▶ **What is expected**: Print, exactly as written, the line containing "roll pitch yaw" and every line after it, ending with the final line of the data below.

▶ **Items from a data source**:
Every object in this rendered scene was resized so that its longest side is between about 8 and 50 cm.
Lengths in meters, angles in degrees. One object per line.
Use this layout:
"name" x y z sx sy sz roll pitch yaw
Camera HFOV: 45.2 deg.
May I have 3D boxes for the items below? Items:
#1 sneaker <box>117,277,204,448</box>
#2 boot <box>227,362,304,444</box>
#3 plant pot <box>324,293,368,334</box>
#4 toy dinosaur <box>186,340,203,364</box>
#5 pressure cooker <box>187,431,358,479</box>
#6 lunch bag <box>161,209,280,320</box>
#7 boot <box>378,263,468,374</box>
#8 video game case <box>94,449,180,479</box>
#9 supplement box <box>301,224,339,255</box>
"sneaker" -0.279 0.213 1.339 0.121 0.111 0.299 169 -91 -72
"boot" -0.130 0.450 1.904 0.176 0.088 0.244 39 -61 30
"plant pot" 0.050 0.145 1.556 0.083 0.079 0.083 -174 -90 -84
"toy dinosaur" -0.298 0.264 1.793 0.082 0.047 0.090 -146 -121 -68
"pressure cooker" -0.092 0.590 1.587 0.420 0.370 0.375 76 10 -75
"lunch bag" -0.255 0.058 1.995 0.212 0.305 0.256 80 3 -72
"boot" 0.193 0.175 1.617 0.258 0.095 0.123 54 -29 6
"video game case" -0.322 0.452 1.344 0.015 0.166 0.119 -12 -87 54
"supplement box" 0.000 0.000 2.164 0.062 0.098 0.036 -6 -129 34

▶ **Exercise output**:
"name" x y z sx sy sz roll pitch yaw
Camera HFOV: 45.2 deg.
May I have 3D boxes for the items below? Items:
#1 sneaker <box>117,277,204,448</box>
#2 boot <box>227,362,304,444</box>
#3 plant pot <box>324,293,368,334</box>
#4 toy dinosaur <box>186,340,203,364</box>
#5 pressure cooker <box>187,431,358,479</box>
#6 lunch bag <box>161,209,280,320</box>
#7 boot <box>378,263,468,374</box>
#8 video game case <box>94,449,180,479</box>
#9 supplement box <box>301,224,339,255</box>
"sneaker" -0.279 0.213 1.339 0.121 0.111 0.299 169 -91 -72
"boot" -0.130 0.450 1.904 0.176 0.088 0.244 39 -61 30
"plant pot" 0.050 0.145 1.556 0.083 0.079 0.083 -174 -90 -84
"toy dinosaur" -0.298 0.264 1.793 0.082 0.047 0.090 -146 -121 -68
"pressure cooker" -0.092 0.590 1.587 0.420 0.370 0.375 76 10 -75
"lunch bag" -0.255 0.058 1.995 0.212 0.305 0.256 80 3 -72
"boot" 0.193 0.175 1.617 0.258 0.095 0.123 54 -29 6
"video game case" -0.322 0.452 1.344 0.015 0.166 0.119 -12 -87 54
"supplement box" 0.000 0.000 2.164 0.062 0.098 0.036 -6 -129 34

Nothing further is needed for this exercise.